Richard Strankman (born June 20, 1953) is a Canadian politician who was an elected member to the Legislative Assembly of Alberta, representing the electoral district of Drumheller-Stettler, from 2012 to 2019.

Strankman serves on both the Standing Committee on Private Bills and the legislative policy committee on Alberta’s Economic Future. Strankman had served in several critic roles, including Tourism, Parks and Recreation, as well as Agriculture.

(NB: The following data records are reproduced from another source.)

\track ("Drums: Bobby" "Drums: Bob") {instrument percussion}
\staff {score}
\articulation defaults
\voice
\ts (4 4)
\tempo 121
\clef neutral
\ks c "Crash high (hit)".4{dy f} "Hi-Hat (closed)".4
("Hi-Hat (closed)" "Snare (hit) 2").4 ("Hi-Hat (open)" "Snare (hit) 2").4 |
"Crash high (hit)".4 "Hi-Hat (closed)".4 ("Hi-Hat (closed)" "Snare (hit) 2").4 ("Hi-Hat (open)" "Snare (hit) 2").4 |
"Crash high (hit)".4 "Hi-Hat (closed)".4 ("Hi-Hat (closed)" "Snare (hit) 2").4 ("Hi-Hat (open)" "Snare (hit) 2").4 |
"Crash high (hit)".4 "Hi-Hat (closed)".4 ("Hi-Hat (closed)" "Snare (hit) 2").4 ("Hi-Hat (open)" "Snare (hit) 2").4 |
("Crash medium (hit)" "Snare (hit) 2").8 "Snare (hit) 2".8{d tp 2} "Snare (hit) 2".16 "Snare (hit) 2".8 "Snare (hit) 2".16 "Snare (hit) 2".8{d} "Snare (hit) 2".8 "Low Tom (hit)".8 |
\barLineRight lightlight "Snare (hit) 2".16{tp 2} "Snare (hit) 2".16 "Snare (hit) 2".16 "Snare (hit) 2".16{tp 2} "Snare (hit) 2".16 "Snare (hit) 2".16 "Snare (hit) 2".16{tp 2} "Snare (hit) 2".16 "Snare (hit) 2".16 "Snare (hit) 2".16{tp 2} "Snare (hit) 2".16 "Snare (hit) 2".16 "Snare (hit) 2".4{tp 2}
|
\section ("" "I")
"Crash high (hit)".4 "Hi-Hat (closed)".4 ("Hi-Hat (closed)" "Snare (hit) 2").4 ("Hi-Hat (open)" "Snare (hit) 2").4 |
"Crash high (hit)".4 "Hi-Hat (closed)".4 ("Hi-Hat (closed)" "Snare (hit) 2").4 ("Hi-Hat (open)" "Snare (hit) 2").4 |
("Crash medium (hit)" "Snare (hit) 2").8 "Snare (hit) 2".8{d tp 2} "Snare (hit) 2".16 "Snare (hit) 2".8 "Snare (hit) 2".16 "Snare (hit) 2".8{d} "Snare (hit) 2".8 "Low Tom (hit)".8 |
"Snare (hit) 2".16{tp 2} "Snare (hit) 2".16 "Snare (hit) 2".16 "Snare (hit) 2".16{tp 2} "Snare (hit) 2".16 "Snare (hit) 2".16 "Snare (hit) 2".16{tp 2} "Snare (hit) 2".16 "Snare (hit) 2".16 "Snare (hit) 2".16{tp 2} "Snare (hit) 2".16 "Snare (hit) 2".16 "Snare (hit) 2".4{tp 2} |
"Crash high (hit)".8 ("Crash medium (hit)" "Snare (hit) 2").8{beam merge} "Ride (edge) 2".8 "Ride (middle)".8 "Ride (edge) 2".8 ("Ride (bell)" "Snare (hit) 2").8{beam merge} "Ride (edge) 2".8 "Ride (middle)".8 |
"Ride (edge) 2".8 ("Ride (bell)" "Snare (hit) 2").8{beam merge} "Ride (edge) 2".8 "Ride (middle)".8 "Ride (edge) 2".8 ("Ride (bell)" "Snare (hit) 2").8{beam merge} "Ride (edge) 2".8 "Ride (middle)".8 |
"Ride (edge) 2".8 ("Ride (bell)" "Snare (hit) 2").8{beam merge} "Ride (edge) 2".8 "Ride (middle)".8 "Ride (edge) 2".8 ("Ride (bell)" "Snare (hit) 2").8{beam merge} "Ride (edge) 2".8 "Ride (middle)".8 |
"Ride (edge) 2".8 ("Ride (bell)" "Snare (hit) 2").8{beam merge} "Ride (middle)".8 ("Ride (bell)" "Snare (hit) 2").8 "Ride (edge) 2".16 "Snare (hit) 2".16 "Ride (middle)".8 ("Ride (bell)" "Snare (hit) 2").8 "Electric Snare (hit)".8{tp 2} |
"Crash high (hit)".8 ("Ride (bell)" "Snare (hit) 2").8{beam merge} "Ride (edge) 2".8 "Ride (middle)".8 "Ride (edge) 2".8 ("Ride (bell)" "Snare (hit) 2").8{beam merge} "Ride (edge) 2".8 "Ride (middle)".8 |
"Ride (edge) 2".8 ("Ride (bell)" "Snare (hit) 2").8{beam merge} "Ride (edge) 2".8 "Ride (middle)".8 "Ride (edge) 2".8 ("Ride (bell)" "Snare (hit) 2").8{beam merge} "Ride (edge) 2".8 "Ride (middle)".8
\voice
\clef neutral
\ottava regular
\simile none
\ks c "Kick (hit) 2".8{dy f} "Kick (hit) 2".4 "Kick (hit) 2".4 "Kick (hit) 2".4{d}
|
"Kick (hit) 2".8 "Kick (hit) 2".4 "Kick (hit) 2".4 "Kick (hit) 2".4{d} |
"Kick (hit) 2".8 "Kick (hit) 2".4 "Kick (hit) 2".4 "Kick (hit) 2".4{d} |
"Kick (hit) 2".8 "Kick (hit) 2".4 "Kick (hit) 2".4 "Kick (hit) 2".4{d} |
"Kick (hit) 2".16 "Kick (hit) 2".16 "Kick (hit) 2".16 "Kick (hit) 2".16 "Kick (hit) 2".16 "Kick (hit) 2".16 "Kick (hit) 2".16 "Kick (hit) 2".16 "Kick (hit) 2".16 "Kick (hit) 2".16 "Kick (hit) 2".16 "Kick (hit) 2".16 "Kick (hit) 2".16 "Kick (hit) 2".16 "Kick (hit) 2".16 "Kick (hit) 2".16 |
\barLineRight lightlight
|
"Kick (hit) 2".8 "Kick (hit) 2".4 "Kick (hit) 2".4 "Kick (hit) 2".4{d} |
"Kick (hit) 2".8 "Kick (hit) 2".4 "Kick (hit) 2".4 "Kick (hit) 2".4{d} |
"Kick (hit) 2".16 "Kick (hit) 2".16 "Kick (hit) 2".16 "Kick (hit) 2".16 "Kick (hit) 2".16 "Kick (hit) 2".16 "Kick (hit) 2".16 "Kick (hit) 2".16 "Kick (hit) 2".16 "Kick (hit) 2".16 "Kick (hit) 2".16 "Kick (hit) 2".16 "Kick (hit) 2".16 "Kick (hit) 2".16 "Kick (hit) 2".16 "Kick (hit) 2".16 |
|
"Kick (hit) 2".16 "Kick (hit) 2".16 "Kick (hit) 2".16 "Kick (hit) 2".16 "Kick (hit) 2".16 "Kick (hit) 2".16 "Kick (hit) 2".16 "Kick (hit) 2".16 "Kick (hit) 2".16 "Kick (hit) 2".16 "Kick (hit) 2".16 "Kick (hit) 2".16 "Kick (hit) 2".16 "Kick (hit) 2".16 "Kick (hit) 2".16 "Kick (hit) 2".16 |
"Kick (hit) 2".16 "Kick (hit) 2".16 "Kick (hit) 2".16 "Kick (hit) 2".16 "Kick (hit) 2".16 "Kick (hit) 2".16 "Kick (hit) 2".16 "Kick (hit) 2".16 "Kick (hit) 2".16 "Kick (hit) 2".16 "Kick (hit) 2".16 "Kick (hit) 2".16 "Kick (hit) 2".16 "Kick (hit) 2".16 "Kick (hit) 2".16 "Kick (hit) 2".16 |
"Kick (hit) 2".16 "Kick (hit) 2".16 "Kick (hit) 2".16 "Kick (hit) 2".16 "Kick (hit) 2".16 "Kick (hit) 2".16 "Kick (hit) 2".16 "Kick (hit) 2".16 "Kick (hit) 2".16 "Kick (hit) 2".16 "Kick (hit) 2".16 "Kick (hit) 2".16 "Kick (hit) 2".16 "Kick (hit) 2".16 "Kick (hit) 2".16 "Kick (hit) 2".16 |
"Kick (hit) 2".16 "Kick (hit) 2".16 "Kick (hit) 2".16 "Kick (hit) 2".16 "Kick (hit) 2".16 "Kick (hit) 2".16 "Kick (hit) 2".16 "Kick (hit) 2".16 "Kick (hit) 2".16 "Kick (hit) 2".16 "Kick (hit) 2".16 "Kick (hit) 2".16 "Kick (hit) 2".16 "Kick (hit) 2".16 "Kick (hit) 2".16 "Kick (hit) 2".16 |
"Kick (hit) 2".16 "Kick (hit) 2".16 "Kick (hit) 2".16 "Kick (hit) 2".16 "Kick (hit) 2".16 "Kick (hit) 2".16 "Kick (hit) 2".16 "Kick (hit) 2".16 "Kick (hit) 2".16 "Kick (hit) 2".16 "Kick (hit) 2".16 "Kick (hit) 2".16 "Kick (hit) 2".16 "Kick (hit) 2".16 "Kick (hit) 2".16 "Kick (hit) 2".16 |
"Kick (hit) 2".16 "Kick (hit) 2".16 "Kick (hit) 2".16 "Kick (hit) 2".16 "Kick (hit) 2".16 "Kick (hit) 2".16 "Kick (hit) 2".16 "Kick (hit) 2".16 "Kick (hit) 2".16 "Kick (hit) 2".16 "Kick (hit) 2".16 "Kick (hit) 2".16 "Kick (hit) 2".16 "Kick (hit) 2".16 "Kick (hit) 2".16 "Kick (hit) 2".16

He resigned from the United Conservative caucus on January 15, 2019, and ran in the 2019 Alberta general election as an independent. Although he was not re-elected, he was one of only two candidates in the general election not representing the two largest parties (the UCP and the Alberta New Democratic Party) to finish in second place (the other such runner-up was incumbent Alberta Party MLA Greg Clark).

Career
Strankman has owned and operated a farming business since 1973. From 1999 to 2011 he also volunteered as secretary/treasurer of the Western Barley Growers Association. Although initially interested in agriculture, Strankman became increasingly involved in politics and social activism in response to federal regulation of the agriculture industry, including legislation relating to the Canadian Wheat Board. His commitment to public service began early on and as a youth Strankman was honoured with the Queen’s scout award by Boy Scouts of Canada. Strankman also has a keen interest in aviation and has held a pilot’s licence and done aerial application since 1974.

Strankman was jailed in 2002 after being charged under the Customs Act for taking 756 bushels of wheat across the U.S. border in protest of the Canadian Wheat Board's monopoly. Strankman and other farmers arrested received a pardon from Prime Minister Stephen Harper on August 1, 2012, when the federal government's Marketing Freedom for Grain Farmers Act came into effect, which allowed producers to opt out of the Canadian Wheat Board and sell wheat on the open market.

At a reunion with 12 of 13 farmers who had been jailed for taking wheat across the border, Strankman stood by his decision to participate in the act of civil disobedience. He served one week of a 180-day sentence.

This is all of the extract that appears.